Вкус кофе оказался странен. Он был без сахара. Лишь сейчас Артур сообразил: стюардесса спрашивала, нужен ли ему сахар, sugar…
Он отпивал из чашки горький кофе и сиротливо думал о том, что, обнявшись 40 минут назад в афинском аэропорту местных линий с Манолисом Михайлопулосом, окончательно остался один. В чужой стране. Без языка. Остался надолго, на три с половиной месяца.
Да ещё Манолис запер у себя в сейфе обратный билет в Россию, датированный первым марта будущего года, и — самое главное — запер паспорт. Чтобы со временем продлить стандартную трёхнедельную визу, полученную в греческом посольстве в Москве.
«На чужой остров, — думал Артур. — Без языка. Без документов. Первый же полицейский загребёт. Кроме телефона Манолиса, в Пирее ничего нет. Да и то — как с ним поговоришь? С моим английским… С Другой стороны, Манолис втолковывал, чтоб не боялся, «Don t fear», жил, делал своё дело. Забрал 500 долларов и взамен вручил конверт со ста тысячами драхм. Кто его знает — много это или мало? Был и остаюсь советским человеком, совком. Трушу без документа, без корочки, без ксивы. Придумываю всяческие трудности. Вместо того чтоб благодарить Бога за то, что происходит».
Страна облаков кончилась. Самолёт снижался. Теперь крест летел по голубой глади Эгейского моря.
Артур неотрывно смотрел на крест, с нежностью думал о Вадиме. В сентябре, несколько месяцев назад, после одного из этих мерзких телефонных звонков, после того как утром, выйдя из своей квартиры, столкнулся на лестничной клетке с подозрительным типом, в сердцах рассказал, проговорился обо всём даже не другу, просто знакомому, бывшему своему пациенту. И тот, секунды не раздумывая, сказал: «Это не шуточки. Вполне могут убить. Не имеете права рисковать своей жизнью. Хотите уехать в Грецию? На всю зиму. Сегодня же созвонюсь со своим компаньоном Манолисом. Фрахтовщик. Имеет офис в Пирее. Виллу в Афинах. Миллионер. У него ещё один дом. Где‑то на острове в архипелаге Северные Спорады. Давайте паспорт. Оформлю как бы в командировку от своей конторы. Английский знаете? Срочно учите английский».
Самолёт снижался. На бескрайней синеве моря стали видны белые запятые парусов. Острова зелёными шапками поплыли под крылом самолёта.
Стояла середина ноября, а здесь ещё было лето.
Артур Крамер снял с запястья невесомые электронные часы на чёрном ремешке, перевёл их на час назад — на греческое время.

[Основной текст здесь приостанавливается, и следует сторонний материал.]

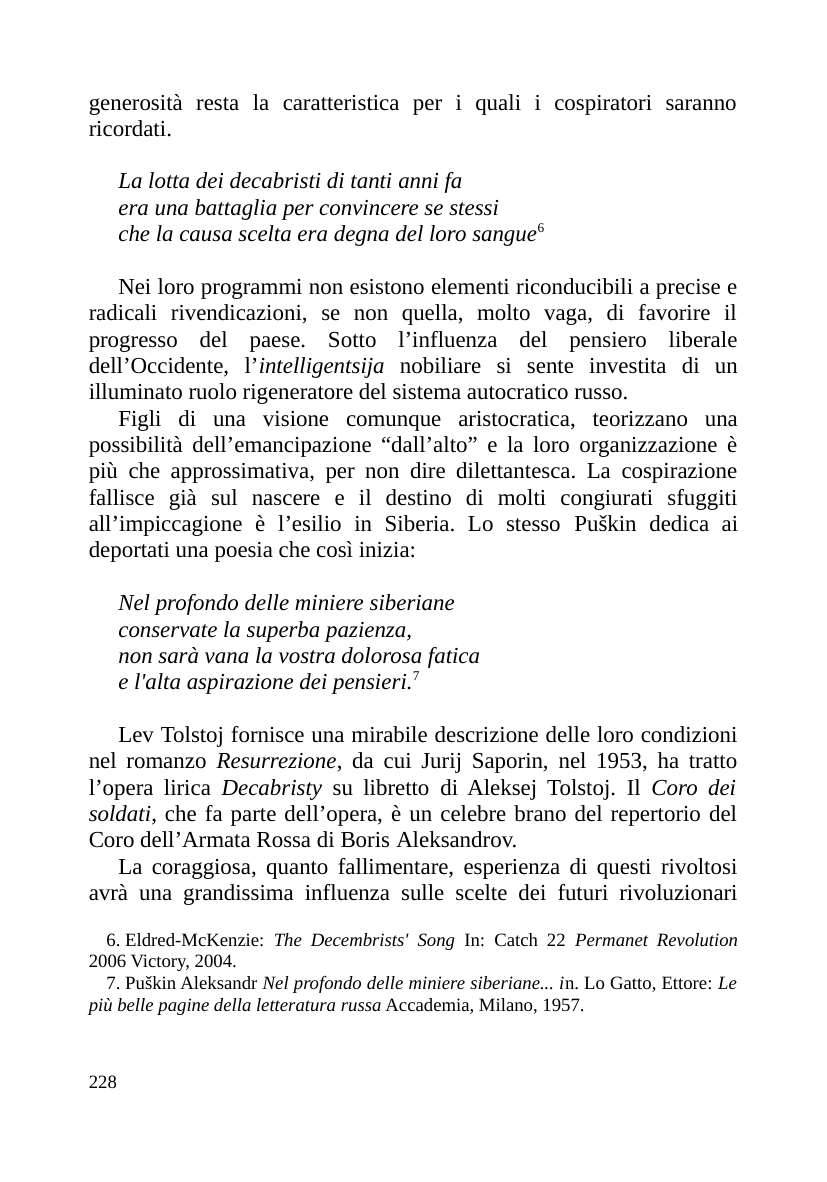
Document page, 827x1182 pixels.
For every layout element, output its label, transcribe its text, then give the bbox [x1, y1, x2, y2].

text Eldred-McKenzie: The Decembrists' Song In: Catch 22 Permanet Revolution 2006 Victory, 2004. [88, 929, 738, 972]
text Puškin Aleksandr Nel profondo delle miniere siberiane... in. Lo Gatto, Ettore: Le più belle pagine della letteratura russa Accademia, Milano, 1957. [88, 972, 738, 1015]
text Lev Tolstoj fornisce una mirabile descrizione delle loro condizioni nel romanzo Resurrezione, da cui Jurij Saporin, nel 1953, ha tratto l’opera lirica Decabristy su libretto di Aleksej Tolstoj. Il Coro dei soldati, che fa parte dell’opera, è un celebre brano del repertorio del Coro dell’Armata Rossa di Boris Aleksandrov. [88, 721, 738, 853]
text generosità resta la caratteristica per i quali i cospiratori saranno ricordati. [88, 88, 738, 141]
text La coraggiosa, quanto fallimentare, esperienza di questi rivoltosi avrà una grandissima influenza sulle scelte dei futuri rivoluzionari [88, 853, 738, 906]
text conservate la superba pazienza, [88, 616, 738, 642]
text non sarà vana la vostra dolorosa fatica [88, 642, 738, 668]
text Nei loro programmi non esistono elementi riconducibili a precise e radicali rivendicazioni, se non quella, molto vaga, di favorire il progresso del paese. Sotto l’influenza del pensiero liberale dell’Occidente, l’intelligentsija nobiliare si sente investita di un illuminato ruolo rigeneratore del sistema autocratico russo. [88, 273, 738, 405]
text che la causa scelta era degna del loro sangue [88, 220, 738, 247]
text La lotta dei decabristi di tanti anni fa [88, 168, 738, 194]
text era una battaglia per convincere se stessi [88, 194, 738, 220]
text e l'alta aspirazione dei pensieri. [88, 668, 738, 695]
text Figli di una visione comunque aristocratica, teorizzano una possibilità dell’emancipazione “dall’alto” e la loro organizzazione è più che approssimativa, per non dire dilettantesca. La cospirazione fallisce già sul nascere e il destino di molti congiurati sfuggiti all’impiccagione è l’esilio in Siberia. Lo stesso Puškin dedica ai deportati una poesia che così inizia: [88, 405, 738, 563]
text Nel profondo delle miniere siberiane [88, 589, 738, 616]

В восемнадцать часов пятнадцать минут самолётик, мягко пробежав по посадочной полосе, остановился вблизи одноэтажного здания аэропорта.
— Is it all right?[4] — спросила стюардесса, снимая с полки багажного отсека и подавая ему сумку темно–вишнёвой кожи с заплатой на боку.
— Спасибо, — ответил Артур Крамер. Тут же поправился, — Thank you.
Стюардесса вышла на трап. Она глядела вслед странному пассажиру, пытаясь сообразить, из какой он страны, почему прилетел на этот остров не в туристский сезон, а сейчас, когда вскоре наступит время дождей и бурь.
Пассажир брёл к зданию аэропорта. Пятеро попутчиков легко обогнали его, катя по асфальту свои чемоданы и сумки на колёсиках. Из дверей аэропорта вышли встречающие. Странного пассажира не встретил никто.